COMMONNESS - Bong R. Osorio - The Philippine Star

A powerful global conversation has begun. Through the Internet, people are discovering and inventing new ways to share relevant knowledge with blinding speed. As a direct result, markets are getting smarter — and they are getting smarter faster than most companies.”

This is the fundamental but prophetic message of The Cluetrain Manifesto: The End of Business As Usual, which was first written in 1999 and published in 2001 by Rick Levine, Christopher Locke, Doc Searles, and David Weinberger.

Ten years after, the agitators of the weighty work came out with The Cluetrain Manifesto 10th Anniversary Edition. Aside from the full text of the original manuscript, the new issue has a fresh introduction, supplementary chapters by the authors complete with reflections on the relevance of the ideas today, and updates describing what have and have not come to pass as predicted in the original text.

To get a helpful, fast experience and understanding of what the book is about, take a few minutes to read the 95 interconnected theses in its opening pages or on the homepage of cluetrain.com. Go through the list twice or thrice and be surprised that the concepts were on paper 14 years ago but still resonate today. The theses called for businesses to join the conversation in the marketplace as real people, or they would go elsewhere and gladly engage in doing business with other companies that were willing to have real, human relationships with them.

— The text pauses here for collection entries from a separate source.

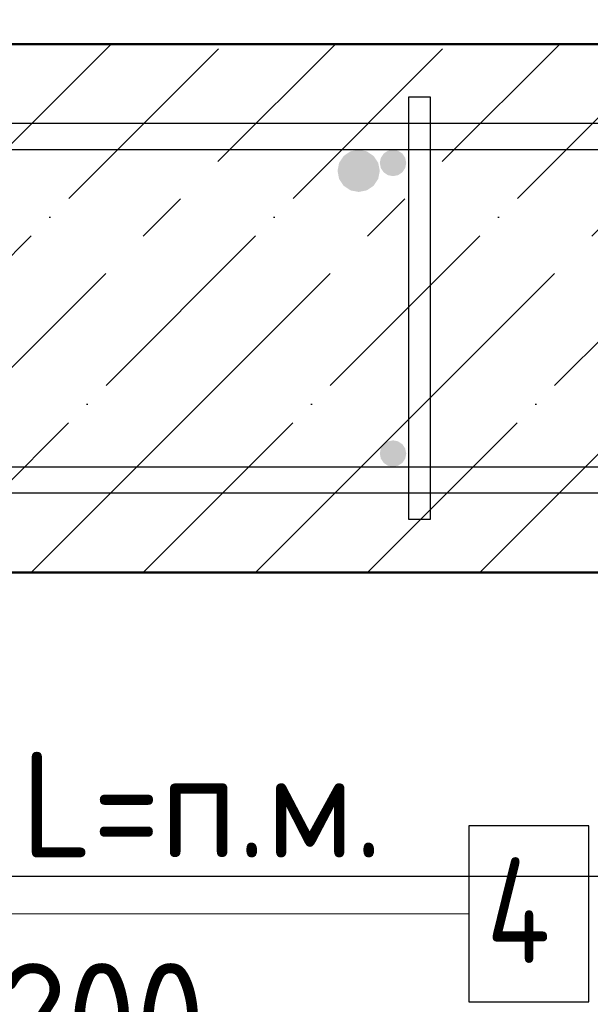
# Model space of a CAD drawing. Header units: millimetres. Extents: x -27380 to 48638, y 46540 to 72525.
# Tile 14 of 106: x -23092 to -22876, y 58697 to 59070. Entities that reach past the tile are written whole.
import ezdxf

# ---------------------------------------------------------------- set-up
doc = ezdxf.new("R2010")
doc.units = ezdxf.units.MM
doc.header["$PDMODE"] = 65
doc.linetypes.add('______11', pattern=[100, 80, -10, 0, -10])
doc.linetypes.add('______5', pattern=[220, 160, -20, 20, -20])
for name, color, linetype, lineweight in [('Арм.стержн. вертикальными 1', 22, 'Continuous', 35), ('Арм.стержн.горизонт. 1', 180, 'Continuous', 35), ('Размерная линия_ общее', 7, 'Continuous', 13)]:
    doc.layers.add(name, color=color, linetype=linetype, lineweight=lineweight)
doc.layers.add('Арм.стержн. вертикальными 2', color=7, linetype='Continuous', lineweight=35, true_color=0x006e00)
doc.layers.add('Арм.стержн.Стяжки', color=7, linetype='Continuous', lineweight=35, true_color=0x501e0f)
doc.styles.add('ISOCPEUR', font='ISOCPEUR')
doc.dimstyles.new('DIMSTYLE_7', dxfattribs={"dimtxt": 44, "dimasz": 50, "dimexe": 0, "dimexo": 0, "dimgap": 22, "dimtad": 2, "dimdec": 0, "dimrnd": 5, "dimzin": 12, "dimdsep": 46, "dimtxsty": 'ISOCPEUR', "dimblk1": 'ALL_ML_STRICH', "dimblk2": 'ALL_ML_STRICH', "dimsah": 1, "dimcen": 0, "dimclrd": 7, "dimclre": 256, "dimclrt": 7, "dimadec": 0, "dimazin": 0, "dimtfac": 1, "dimtdec": 0, "dimtix": 1, "dimtmove": 2, "dimatfit": 3, "dimfxl": 0, "dimtzin": 0, "dimlwd": 0, "dimlwe": -3, "dimarcsym": 0})

# ---------------------------------------------------------------- blocks, each defined once
blk = doc.blocks.new('ALL_ML_STRICH')
at = {"color": 0, "linetype": 'ByBlock', "lineweight": -2}
for p, q in [((0, -0.5), (0, 0.5)), ((-0.3, -0.3), (0.3, 0.3)), ((-1, 0), (0.5, 0))]:
    blk.add_line(p, q, dxfattribs=at)
blk = doc.blocks.new('*D347')
at = {"layer": 'DEFPOINTS', "color": 7, "linetype": 'Continuous', "lineweight": 13, "transparency": 33554687}
for p in [(-23163.35, 59131.38), (-23163.35, 59012.42), (-22363.35, 59012.42)]:
    blk.add_point(p, dxfattribs=at)
at = {"layer": 'Размерная линия_ общее', "color": 253, "linetype": 'Continuous', "lineweight": -2, "true_color": 0xa0a0a0, "transparency": 33554687}
for p, q in [((-23163.35, 59032.42), (-23163.35, 59131.38)), ((-22363.35, 59032.42), (-22363.35, 59131.38))]:
    blk.add_line(p, q, dxfattribs=at)
at = {"layer": 'Размерная линия_ общее', "color": 7, "linetype": 'Continuous', "lineweight": -2, "transparency": 33554687}
blk.add_line((-23163.35, 59131.38), (-22363.35, 59131.38), dxfattribs=at)
at = {"layer": 'Размерная линия_ общее', "color": 7, "linetype": 'Continuous', "lineweight": 13, "transparency": 33554687, "xscale": 50, "yscale": 50, "zscale": 50, "rotation": 180}
blk.add_blockref('ALL_ML_STRICH', (-23163.35, 59131.38), dxfattribs=at)
at = {"layer": 'Размерная линия_ общее', "color": 7, "linetype": 'Continuous', "lineweight": 13, "transparency": 33554687, "xscale": 50, "yscale": 50, "zscale": 50}
blk.add_blockref('ALL_ML_STRICH', (-22363.35, 59131.38), dxfattribs=at)
at = {"layer": 'Размерная линия_ общее', "color": 7, "linetype": 'Continuous', "lineweight": 13, "transparency": 33554687, "insert": (-22889.35, 59185.38), "char_height": 44, "width": 2.2, "attachment_point": 1, "line_spacing_factor": 0.60241, "style": 'ISOCPEUR'}
blk.add_mtext('\\W0.91;4х200=800', dxfattribs=at)
blk = doc.blocks.new('*D352')
at = {"layer": 'DEFPOINTS', "color": 7, "linetype": 'Continuous', "lineweight": 13, "transparency": 33554687}
for p in [(-23150.35, 59256.69), (-23150.35, 59015.42), (-22350.35, 59015.42)]:
    blk.add_point(p, dxfattribs=at)
at = {"layer": 'Размерная линия_ общее', "color": 253, "linetype": 'Continuous', "lineweight": -2, "true_color": 0xa0a0a0, "transparency": 33554687}
for p, q in [((-23150.35, 59035.42), (-23150.35, 59256.69)), ((-22350.35, 59035.42), (-22350.35, 59256.69))]:
    blk.add_line(p, q, dxfattribs=at)
at = {"layer": 'Размерная линия_ общее', "color": 7, "linetype": 'Continuous', "lineweight": -2, "transparency": 33554687}
blk.add_line((-23150.35, 59256.69), (-22350.35, 59256.69), dxfattribs=at)
at = {"layer": 'Размерная линия_ общее', "color": 7, "linetype": 'Continuous', "lineweight": 13, "transparency": 33554687, "xscale": 50, "yscale": 50, "zscale": 50, "rotation": 180}
blk.add_blockref('ALL_ML_STRICH', (-23150.35, 59256.69), dxfattribs=at)
at = {"layer": 'Размерная линия_ общее', "color": 7, "linetype": 'Continuous', "lineweight": 13, "transparency": 33554687, "xscale": 50, "yscale": 50, "zscale": 50}
blk.add_blockref('ALL_ML_STRICH', (-22350.35, 59256.69), dxfattribs=at)
at = {"layer": 'Размерная линия_ общее', "color": 7, "linetype": 'Continuous', "lineweight": 13, "transparency": 33554687, "insert": (-22876.35, 59310.69), "char_height": 44, "width": 2.2, "attachment_point": 1, "line_spacing_factor": 0.60241, "style": 'ISOCPEUR'}
blk.add_mtext('\\W0.91;4х200=800', dxfattribs=at)

msp = doc.modelspace()

# ---------------------------------------------------------------- hatches: boundary and pattern name
at = {"layer": 'Арм.стержн. вертикальными 1', "linetype": 'Continuous', "lineweight": 25, "transparency": 33554687}
for points in [[(-22945.35, 59015.42), (-22945.74, 59017.33), (-22946.82, 59018.95), (-22948.44, 59020.04), (-22950.35, 59020.42), (-22952.27, 59020.04), (-22953.89, 59018.95), (-22954.97, 59017.33), (-22955.35, 59015.42), (-22954.97, 59013.5), (-22953.89, 59011.88), (-22952.27, 59010.8), (-22950.35, 59010.42), (-22948.44, 59010.8), (-22946.82, 59011.88), (-22945.74, 59013.5)], [(-22945.35, 58905.42), (-22945.74, 58907.33), (-22946.82, 58908.95), (-22948.44, 58910.04), (-22950.35, 58910.42), (-22952.27, 58910.04), (-22953.89, 58908.95), (-22954.97, 58907.33), (-22955.35, 58905.42), (-22954.97, 58903.5), (-22953.89, 58901.88), (-22952.27, 58900.8), (-22950.35, 58900.42), (-22948.44, 58900.8), (-22946.82, 58901.88), (-22945.74, 58903.5)]]:
    msp.add_hatch(color=4, dxfattribs=at).paths.add_polyline_path(points)
at = {"layer": 'Арм.стержн. вертикальными 2', "linetype": 'Continuous', "lineweight": 25, "transparency": 33554687}
msp.add_hatch(color=7, dxfattribs=at).paths.add_polyline_path([(-22955.35, 59012.42), (-22955.96, 59015.48), (-22957.7, 59018.07), (-22960.29, 59019.81), (-22963.35, 59020.42), (-22966.42, 59019.81), (-22969.01, 59018.07), (-22970.75, 59015.48), (-22971.35, 59012.42), (-22970.75, 59009.36), (-22969.01, 59006.76), (-22966.42, 59005.03), (-22963.35, 59004.42), (-22960.29, 59005.03), (-22957.7, 59006.76), (-22955.96, 59009.36)])

# ---------------------------------------------------------------- linework, layer by layer
at = {"color": 52, "linetype": 'Continuous', "lineweight": -3, "transparency": 33554687}
msp.add_line((-24250.78, 58745.48), (-22217.88, 58745.48), dxfattribs=at)
msp.add_line((-24250.78, 58745.48), (-22217.88, 58745.48), dxfattribs=at)
at = {"layer": 'Арм.стержн.горизонт. 1', "color": 52, "linetype": 'Continuous', "lineweight": 50, "transparency": 33554687}
for p, q in [((-22310.35, 59060.42), (-24110.35, 59060.42)), ((-22310.35, 58860.42), (-24110.35, 58860.42))]:
    msp.add_line(p, q, dxfattribs=at)
at = {"layer": 'Арм.стержн.горизонт. 1', "color": 7, "linetype": 'Continuous', "lineweight": 13, "transparency": 33554687}
msp.add_line((-23209.64, 58731.21), (-22921.64, 58731.21), dxfattribs=at)
at = {"layer": 'Арм.стержн.горизонт. 1', "color": 4, "linetype": 'Continuous', "lineweight": 25, "transparency": 33554687}
for points in [[(-24080.35, 59030.42), (-22340.35, 59030.42), (-22340.35, 59020.42), (-24080.35, 59020.42), (-24080.35, 59030.42)], [(-24080.35, 59030.42), (-22340.35, 59030.42), (-22340.35, 59020.42), (-24080.35, 59020.42), (-24080.35, 59030.42)], [(-24080.35, 59030.42), (-22340.35, 59030.42), (-22340.35, 59020.42), (-24080.35, 59020.42), (-24080.35, 59030.42)], [(-24080.35, 59030.42), (-22340.35, 59030.42), (-22340.35, 59020.42), (-24080.35, 59020.42), (-24080.35, 59030.42)], [(-24080.35, 59030.42), (-22340.35, 59030.42), (-22340.35, 59020.42), (-24080.35, 59020.42), (-24080.35, 59030.42)], [(-24080.35, 59030.42), (-22340.35, 59030.42), (-22340.35, 59020.42), (-24080.35, 59020.42), (-24080.35, 59030.42)], [(-24080.35, 59030.42), (-22340.35, 59030.42), (-22340.35, 59020.42), (-24080.35, 59020.42), (-24080.35, 59030.42)], [(-24080.35, 59030.42), (-22340.35, 59030.42), (-22340.35, 59020.42), (-24080.35, 59020.42), (-24080.35, 59030.42)], [(-24080.35, 59030.42), (-22340.35, 59030.42), (-22340.35, 59020.42), (-24080.35, 59020.42), (-24080.35, 59030.42)], [(-24080.35, 59030.42), (-22340.35, 59030.42), (-22340.35, 59020.42), (-24080.35, 59020.42), (-24080.35, 59030.42)], [(-24080.35, 59030.42), (-22340.35, 59030.42), (-22340.35, 59020.42), (-24080.35, 59020.42), (-24080.35, 59030.42)], [(-24080.35, 58900.42), (-22340.35, 58900.42), (-22340.35, 58890.42), (-24080.35, 58890.42), (-24080.35, 58900.42)], [(-24080.35, 58900.42), (-22340.35, 58900.42), (-22340.35, 58890.42), (-24080.35, 58890.42), (-24080.35, 58900.42)], [(-24080.35, 58900.42), (-22340.35, 58900.42), (-22340.35, 58890.42), (-24080.35, 58890.42), (-24080.35, 58900.42)], [(-24080.35, 58900.42), (-22340.35, 58900.42), (-22340.35, 58890.42), (-24080.35, 58890.42), (-24080.35, 58900.42)], [(-24080.35, 58900.42), (-22340.35, 58900.42), (-22340.35, 58890.42), (-24080.35, 58890.42), (-24080.35, 58900.42)], [(-24080.35, 58900.42), (-22340.35, 58900.42), (-22340.35, 58890.42), (-24080.35, 58890.42), (-24080.35, 58900.42)], [(-24080.35, 58900.42), (-22340.35, 58900.42), (-22340.35, 58890.42), (-24080.35, 58890.42), (-24080.35, 58900.42)], [(-24080.35, 58900.42), (-22340.35, 58900.42), (-22340.35, 58890.42), (-24080.35, 58890.42), (-24080.35, 58900.42)], [(-24080.35, 58900.42), (-22340.35, 58900.42), (-22340.35, 58890.42), (-24080.35, 58890.42), (-24080.35, 58900.42)], [(-24080.35, 58900.42), (-22340.35, 58900.42), (-22340.35, 58890.42), (-24080.35, 58890.42), (-24080.35, 58900.42)], [(-24080.35, 58900.42), (-22340.35, 58900.42), (-22340.35, 58890.42), (-24080.35, 58890.42), (-24080.35, 58900.42)]]:
    msp.add_lwpolyline(points, dxfattribs=at)
at = {"layer": 'Арм.стержн.горизонт. 1', "color": 7, "linetype": 'Continuous', "lineweight": 25, "transparency": 33554687}
msp.add_lwpolyline([(-22921.64, 58697.87), (-22876.31, 58697.87), (-22876.31, 58764.54), (-22921.64, 58764.54), (-22921.64, 58697.87)], dxfattribs=at)
at = {"layer": 'Арм.стержн.Стяжки', "color": 40, "linetype": 'Continuous', "lineweight": 25, "transparency": 33554687}
msp.add_lwpolyline([(-22944.35, 58880.42), (-22944.35, 59040.42), (-22936.35, 59040.42), (-22936.35, 58880.42), (-22944.35, 58880.42)], dxfattribs=at)
msp.add_lwpolyline([(-22944.35, 58880.42), (-22944.35, 59040.42), (-22936.35, 59040.42), (-22936.35, 58880.42), (-22944.35, 58880.42)], dxfattribs=at)
msp.add_lwpolyline([(-22944.35, 58880.42), (-22944.35, 59040.42), (-22936.35, 59040.42), (-22936.35, 58880.42), (-22944.35, 58880.42)], dxfattribs=at)
at = {"layer": 'Размерная линия_ общее', "color": 7, "linetype": 'Continuous', "lineweight": 50, "transparency": 33554687}
for p, q in [((-22310.35, 59060.42), (-24110.35, 59060.42)), ((-24110.35, 58860.42), (-22310.35, 58860.42))]:
    msp.add_line(p, q, dxfattribs=at)
at = {"layer": 'Размерная линия_ общее', "color": 7, "linetype": '______5', "lineweight": -3, "transparency": 33554687}
for p, q in [((-23256.98, 58860.42), (-23056.98, 59060.42)), ((-23172.13, 58860.42), (-22972.13, 59060.42)), ((-23087.28, 58860.42), (-22887.28, 59060.42)), ((-23002.43, 58860.42), (-22802.43, 59060.42)), ((-22917.57, 58860.42), (-22717.57, 59060.42))]:
    msp.add_line(p, q, dxfattribs=at)
at = {"layer": 'Размерная линия_ общее', "color": 7, "linetype": '______11', "lineweight": -3, "transparency": 33554687}
for p, q in [((-23214.56, 58860.42), (-23014.56, 59060.42)), ((-23129.71, 58860.42), (-22929.7, 59060.42)), ((-23044.85, 58860.42), (-22844.85, 59060.42)), ((-22960, 58860.42), (-22760, 59060.42))]:
    msp.add_line(p, q, dxfattribs=at)

# ---------------------------------------------------------------- texts
at = {"layer": 'Арм.стержн.горизонт. 1', "color": 7, "linetype": 'Continuous', "lineweight": 25, "transparency": 33554687, "char_height": 40, "attachment_point": 7, "style": 'ISOCPEUR'}
for s, insert, width in [('\\W0.94;ø10 L=п.м.', (-23189.64, 58752.54), 266.6442), ('\\W0.80;4', (-22914.97, 58712.54), 47.9778), ('\\W0.95;ш.200 ', (-23143.64, 58672.54), 174.9328)]:
    msp.add_mtext(s, dxfattribs=dict(at, insert=insert, width=width))

# ---------------------------------------------------------------- dimensions: what is measured, and where the dimension line sits
at = {"layer": 'Размерная линия_ общее', "color": 7, "linetype": 'Continuous', "lineweight": 13, "transparency": 33554687}
for base, p1, p2, picture, middle in [((-22350.35, 59256.69), (-23150.35, 59035.42), (-22350.35, 59035.42), '*D352', (-22750.35, 59278.69)), ((-22363.35, 59131.38), (-23163.35, 59032.42), (-22363.35, 59032.42), '*D347', (-22763.35, 59153.38))]:
    dim = msp.add_linear_dim(base=base, p1=p1, p2=p2, text='\\W0.91;4х200=800', dimstyle='DIMSTYLE_7', override={"dimpost": '<>', "dimclrd": 7, "dimclre": 253, "dimclrt": 7, "dimlwd": 0, "dimlwe": 65533}, dxfattribs=at)
    dim.commit()
    dim.dimension.update_dxf_attribs({"geometry": picture, "text_midpoint": middle, "dimtype": 160})

doc.saveas('drawing.dxf')

Not everything envisaged in the theses list has come true —well, not yet, anyway — but the paperback remains remarkably relevant and continues to be predictive. Prediction isn’t always about foreseeing the future. It is as much about publicly stating a message to those in the here and now concerning a situation and addressing the consequences of acting or not acting properly in response. In that sense, it persists in being prophetic.

If you are involved in marketing and corporate communication, this seminal work is a must-read. As a reviewer enthused, “There are far too many companies in 2013 who still haven’t learned the lessons these authors were shouting from the rooftops in 1999.” And whether you buy or don’t buy into the basic theses of The Cluetrain Manifesto as distilled below, this provocative project is an essential feed for a crucial conversation many businesses still need to engage in.

Markets are conversations. Markets consist of people, not demographic sectors. Conversations among human beings sound human, and they are conducted in a human voice. Whether delivering information, opinions, perspectives, dissenting arguments or humorous asides, the human voice is typically open, natural, uncontrived. People recognize each other as such from the sound of this voice.

Hyperlinks undermine hierarchy. The Internet is facilitating conversations among people that were simply not possible in the era of mass media.  Connected external and internal markets are speaking to each other in a powerful way. These networked conversations are permitting influential new configurations of social organization and knowledge exchange to materialize. As a result, markets are getting smarter, more informed, more organized. Participation in a networked market changes people fundamentally. They have figured out that they get far better information and support from one another than from vendors.

Enough of corporate speak about adding value to products that are traded. There are no secrets. The connected market knows more than companies do about their own products. And whether the news is good or bad, they spread the news. Corporations do not speak in the same voice as these connected conversations, and to their targeted online listeners and viewers, companies sound empty, unexciting and callous.

Mission statements sound artificial. Companies using a homogenized “voice,” which assume online markets are the same markets that used to watch their ads on television, are not in touch with reality. People want access to corporate information, to plans and strategies, to best thinking, and to genuine knowledge. They will not settle for the four-color brochure, for websites chock-a-block with eye candy but lacking any substance. If companies don’t realize that their markets are now networked person-to-person, are getting more and more clever, and are deeply joined in conversations, they are missing their best break.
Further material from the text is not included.